Segment Start: INFORMATION

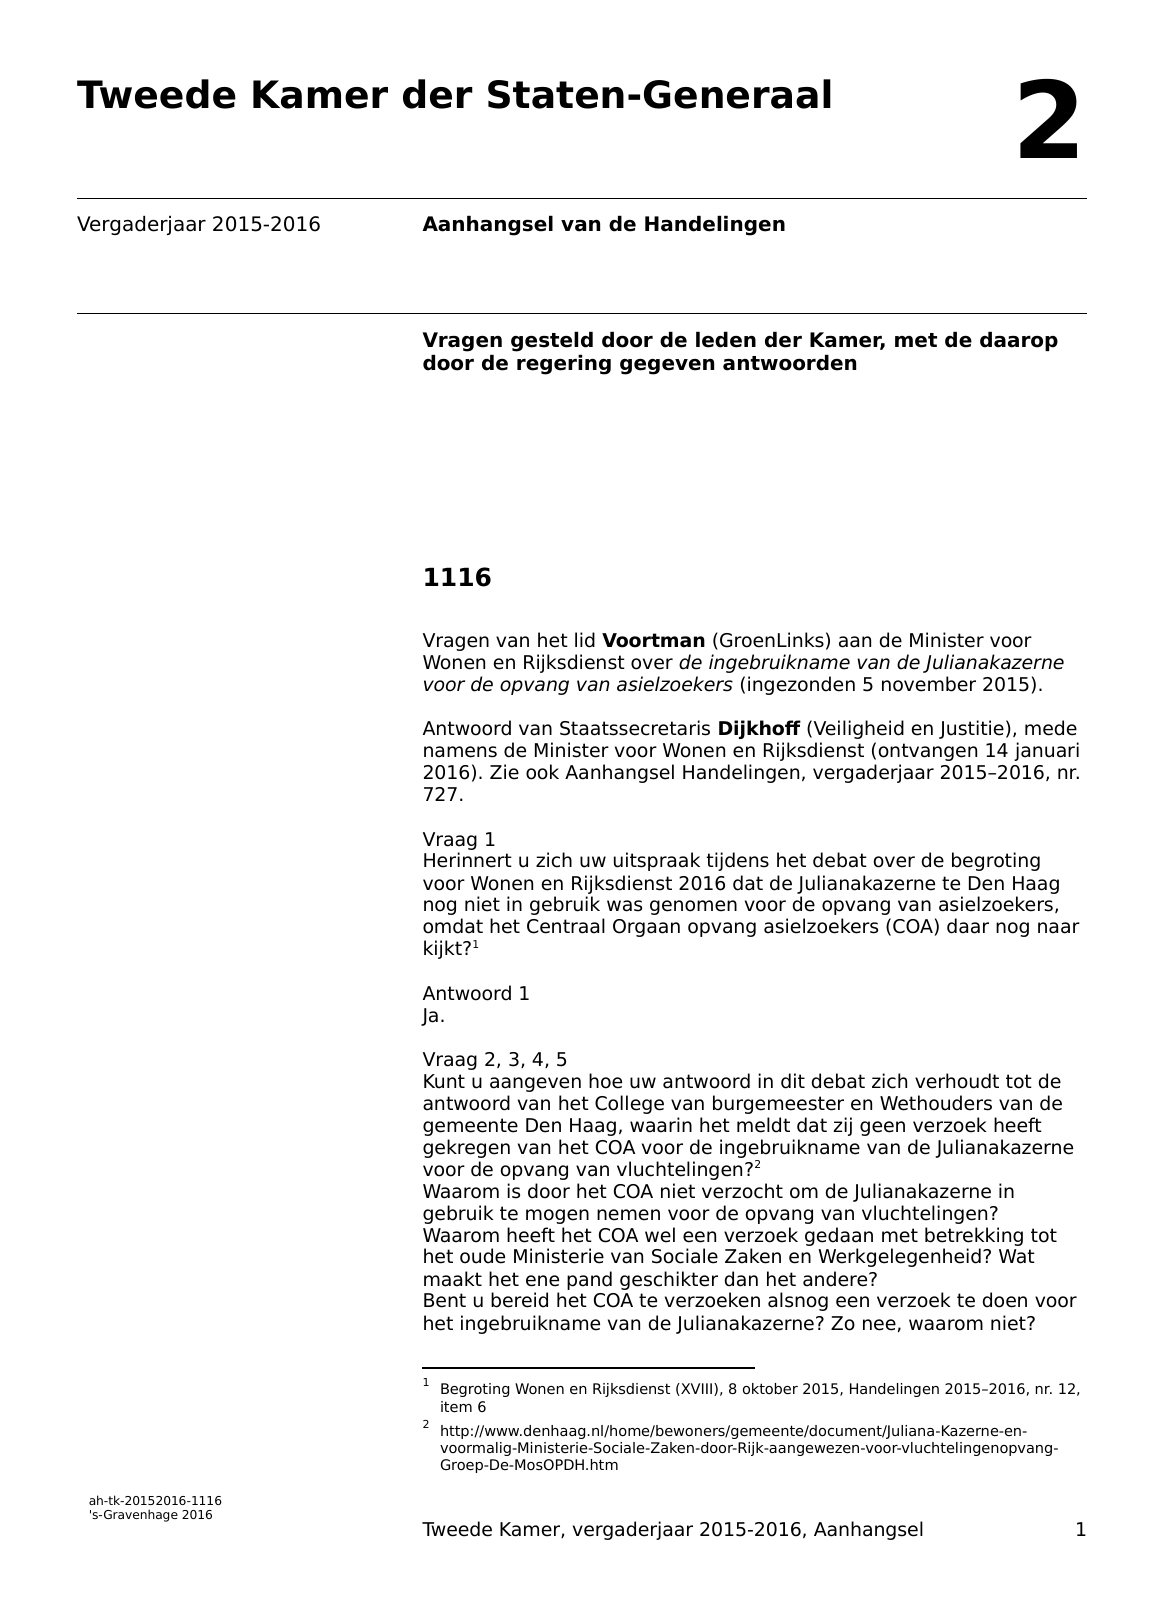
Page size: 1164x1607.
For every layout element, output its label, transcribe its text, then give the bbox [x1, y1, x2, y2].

text Vraag 1 [422, 828, 1087, 850]
text Waarom heeft het COA wel een verzoek gedaan met betrekking tot het oude Ministerie van Sociale Zaken en Werkgelegenheid? Wat maakt het ene pand geschikter dan het andere? [422, 1224, 1087, 1290]
text Waarom is door het COA niet verzocht om de Julianakazerne in gebruik te mogen nemen voor de opvang van vluchtelingen? [422, 1181, 1087, 1224]
text Kunt u aangeven hoe uw antwoord in dit debat zich verhoudt tot de antwoord van het College van burgemeester en Wethouders van de gemeente Den Haag, waarin het meldt dat zij geen verzoek heeft gekregen van het COA voor de ingebruikname van de Julianakazerne voor de opvang van vluchtelingen? [422, 1071, 1087, 1181]
text 's-Gravenhage 2016 [88, 1508, 323, 1522]
text 1116 [422, 563, 1087, 592]
text Antwoord van Staatssecretaris Dijkhoff (Veiligheid en Justitie), mede namens de Minister voor Wonen en Rijksdienst (ontvangen 14 januari 2016). Zie ook Aanhangsel Handelingen, vergaderjaar 2015–2016, nr. 727. [422, 718, 1087, 806]
text Ja. [422, 1004, 1087, 1026]
text Herinnert u zich uw uitspraak tijdens het debat over de begroting voor Wonen en Rijksdienst 2016 dat de Julianakazerne te Den Haag nog niet in gebruik was genomen voor de opvang van asielzoekers, omdat het Centraal Orgaan opvang asielzoekers (COA) daar nog naar kijkt? [422, 850, 1087, 960]
table_cell Vergaderjaar 2015-2016 [77, 199, 422, 313]
text Antwoord 1 [422, 982, 1087, 1004]
text Bent u bereid het COA te verzoeken alsnog een verzoek te doen voor het ingebruikname van de Julianakazerne? Zo nee, waarom niet? [422, 1290, 1087, 1334]
table_header Tweede Kamer der Staten-Generaal [77, 59, 886, 198]
text Vragen van het lid Voortman (GroenLinks) aan de Minister voor Wonen en Rijksdienst over de ingebruikname van de Julianakazerne voor de opvang van asielzoekers (ingezonden 5 november 2015). [422, 630, 1087, 696]
table_header 2 [886, 59, 1087, 198]
table_cell Vragen gesteld door de leden der Kamer, met de daarop door de regering gegeven antwoorden [422, 314, 1087, 375]
table_cell [77, 314, 422, 375]
text ah-tk-20152016-1116 [88, 1494, 323, 1508]
text Begroting Wonen en Rijksdienst (XVIII), 8 oktober 2015, Handelingen 2015–2016, nr. 12, item 6 [422, 1377, 1087, 1416]
text http://www.denhaag.nl/home/bewoners/gemeente/document/Juliana-Kazerne-en-voormalig-Ministerie-Sociale-Zaken-door-Rijk-aangewezen-voor-vluchtelingenopvang-Groep-De-MosOPDH.htm [422, 1418, 1087, 1474]
text Vraag 2, 3, 4, 5 [422, 1049, 1087, 1071]
table_cell Aanhangsel van de Handelingen [422, 199, 1087, 313]
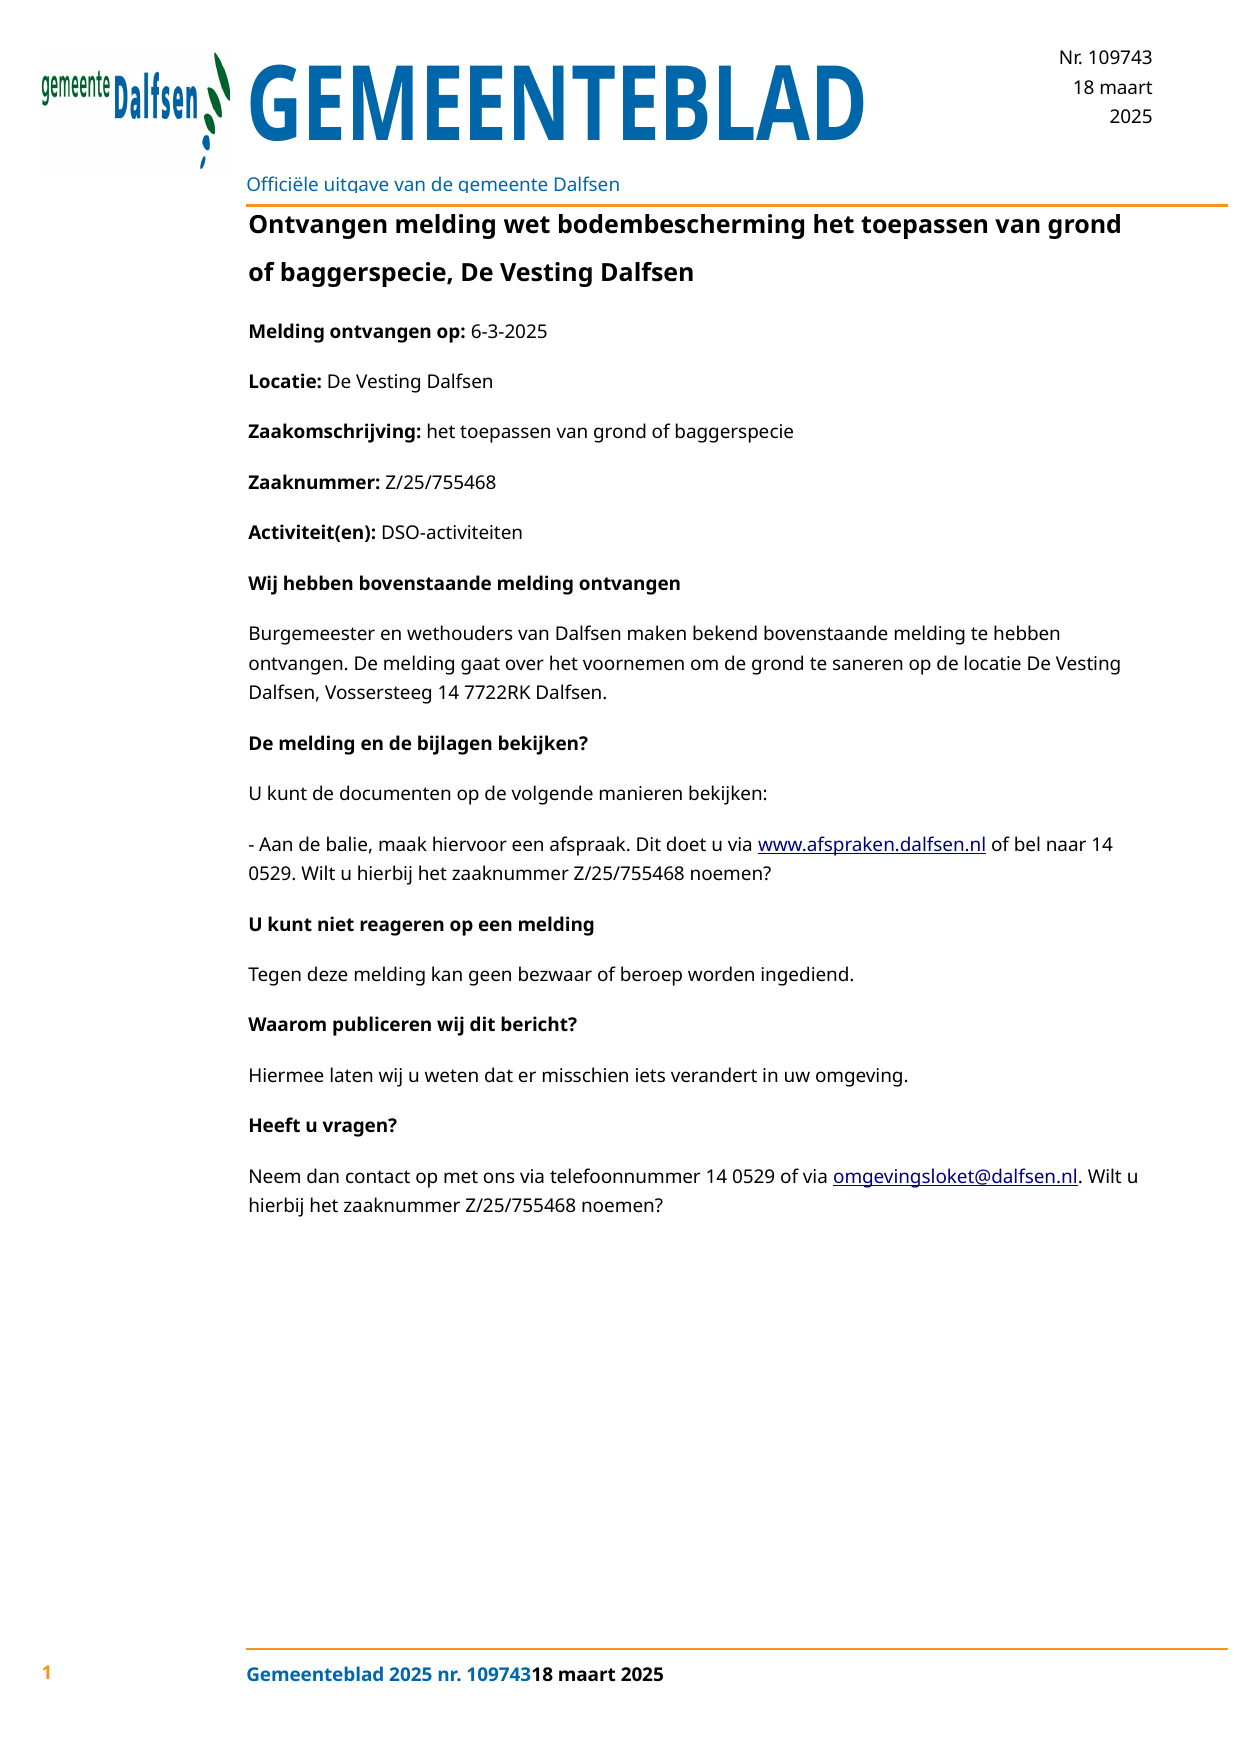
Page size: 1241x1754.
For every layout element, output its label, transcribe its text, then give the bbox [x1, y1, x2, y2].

text - Aan de balie, maak hiervoor een afspraak. Dit doet u via www.afspraken.dalfsen.nl of bel naar 14 0529. Wilt u hierbij het zaaknummer Z/25/755468 noemen? [248, 831, 1152, 886]
text Neem dan contact op met ons via telefoonnummer 14 0529 of via omgevingsloket@dalfsen.nl. Wilt u hierbij het zaaknummer Z/25/755468 noemen? [248, 1163, 1152, 1218]
text U kunt niet reageren op een melding [248, 911, 1152, 937]
picture [41, 47, 231, 172]
text Ontvangen melding wet bodembescherming het toepassen van grond of baggerspecie, De Vesting Dalfsen [248, 207, 1152, 288]
text Zaakomschrijving: het toepassen van grond of baggerspecie [248, 419, 1152, 444]
text Locatie: De Vesting Dalfsen [248, 368, 1152, 394]
text Waarom publiceren wij dit bericht? [248, 1012, 1152, 1037]
text Heeft u vragen? [248, 1112, 1152, 1138]
text Burgemeester en wethouders van Dalfsen maken bekend bovenstaande melding te hebben ontvangen. De melding gaat over het voornemen om de grond te saneren op de locatie De Vesting Dalfsen, Vossersteeg 14 7722RK Dalfsen. [248, 620, 1152, 705]
text Wij hebben bovenstaande melding ontvangen [248, 570, 1152, 596]
text Hiermee laten wij u weten dat er misschien iets verandert in uw omgeving. [248, 1062, 1152, 1088]
text Activiteit(en): DSO-activiteiten [248, 519, 1152, 545]
text Zaaknummer: Z/25/755468 [248, 469, 1152, 495]
text De melding en de bijlagen bekijken? [248, 730, 1152, 756]
text U kunt de documenten op de volgende manieren bekijken: [248, 780, 1152, 806]
text Tegen deze melding kan geen bezwaar of beroep worden ingediend. [248, 961, 1152, 987]
text Melding ontvangen op: 6-3-2025 [248, 318, 1152, 344]
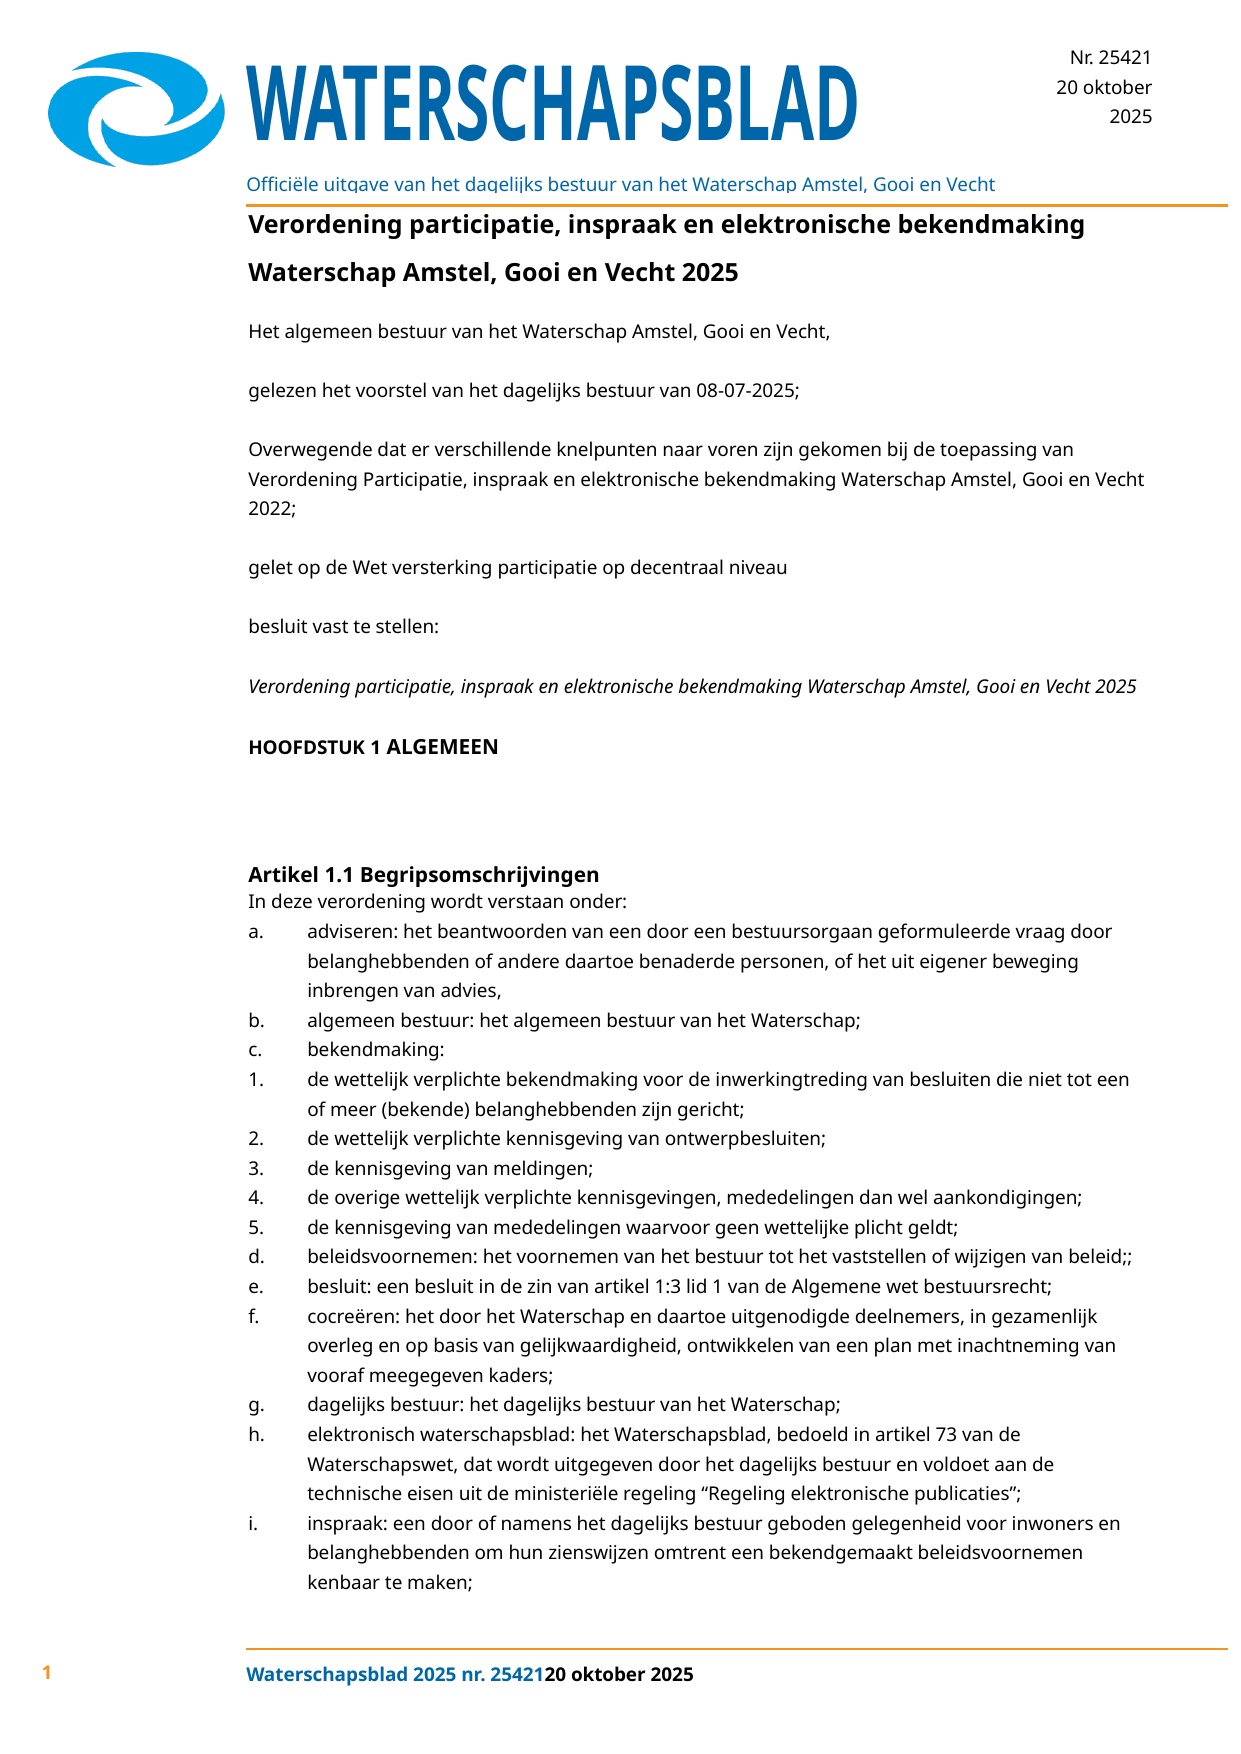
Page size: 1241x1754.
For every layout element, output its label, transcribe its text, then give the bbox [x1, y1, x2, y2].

text HOOFDSTUK 1 ALGEMEEN [248, 732, 1152, 761]
list de overige wettelijk verplichte kennisgevingen, mededelingen dan wel aankondigingen; [248, 1184, 1152, 1210]
text gelezen het voorstel van het dagelijks bestuur van 08-07-2025; [248, 377, 1152, 403]
list besluit: een besluit in de zin van artikel 1:3 lid 1 van de Algemene wet bestuursrecht; [248, 1273, 1152, 1299]
text Het algemeen bestuur van het Waterschap Amstel, Gooi en Vecht, [248, 318, 1152, 344]
text Artikel 1.1 Begripsomschrijvingen [248, 860, 1152, 889]
list algemeen bestuur: het algemeen bestuur van het Waterschap; [248, 1007, 1152, 1033]
list de wettelijk verplichte bekendmaking voor de inwerkingtreding van besluiten die niet tot een of meer (bekende) belanghebbenden zijn gericht; [248, 1066, 1152, 1121]
text In deze verordening wordt verstaan onder: [248, 889, 1152, 914]
text Verordening participatie, inspraak en elektronische bekendmaking Waterschap Amstel, Gooi en Vecht 2025 [248, 673, 1152, 699]
list dagelijks bestuur: het dagelijks bestuur van het Waterschap; [248, 1392, 1152, 1417]
list adviseren: het beantwoorden van een door een bestuursorgaan geformuleerde vraag door belanghebbenden of andere daartoe benaderde personen, of het uit eigener beweging inbrengen van advies, [248, 918, 1152, 1003]
list elektronisch waterschapsblad: het Waterschapsblad, bedoeld in artikel 73 van de Waterschapswet, dat wordt uitgegeven door het dagelijks bestuur en voldoet aan de technische eisen uit de ministeriële regeling “Regeling elektronische publicaties”; [248, 1421, 1152, 1506]
text Overwegende dat er verschillende knelpunten naar voren zijn gekomen bij de toepassing van Verordening Participatie, inspraak en elektronische bekendmaking Waterschap Amstel, Gooi en Vecht 2022; [248, 436, 1152, 521]
text besluit vast te stellen: [248, 614, 1152, 639]
picture [41, 47, 231, 172]
list inspraak: een door of namens het dagelijks bestuur geboden gelegenheid voor inwoners en belanghebbenden om hun zienswijzen omtrent een bekendgemaakt beleidsvoornemen kenbaar te maken; [248, 1510, 1152, 1595]
text gelet op de Wet versterking participatie op decentraal niveau [248, 554, 1152, 580]
list cocreëren: het door het Waterschap en daartoe uitgenodigde deelnemers, in gezamenlijk overleg en op basis van gelijkwaardigheid, ontwikkelen van een plan met inachtneming van vooraf meegegeven kaders; [248, 1303, 1152, 1388]
list de kennisgeving van meldingen; [248, 1155, 1152, 1181]
list de wettelijk verplichte kennisgeving van ontwerpbesluiten; [248, 1125, 1152, 1151]
text Verordening participatie, inspraak en elektronische bekendmaking Waterschap Amstel, Gooi en Vecht 2025 [248, 207, 1152, 288]
list beleidsvoornemen: het voornemen van het bestuur tot het vaststellen of wijzigen van beleid;; [248, 1244, 1152, 1269]
list bekendmaking: [248, 1037, 1152, 1062]
list de kennisgeving van mededelingen waarvoor geen wettelijke plicht geldt; [248, 1214, 1152, 1240]

Segment End: INFORMATION

■ ACTIVITY: Extract exactly and only the lines above from the line containing "text Vraag 1 [422, 828, 1087, 850]" through the line containing "text Waarom is", both end lines included.

■ RESULT FOR THIS TASK:
text Vraag 1 [422, 828, 1087, 850]
text Waarom heeft het COA wel een verzoek gedaan met betrekking tot het oude Ministerie van Sociale Zaken en Werkgelegenheid? Wat maakt het ene pand geschikter dan het andere? [422, 1224, 1087, 1290]
text Waarom is door het COA niet verzocht om de Julianakazerne in gebruik te mogen nemen voor de opvang van vluchtelingen? [422, 1181, 1087, 1224]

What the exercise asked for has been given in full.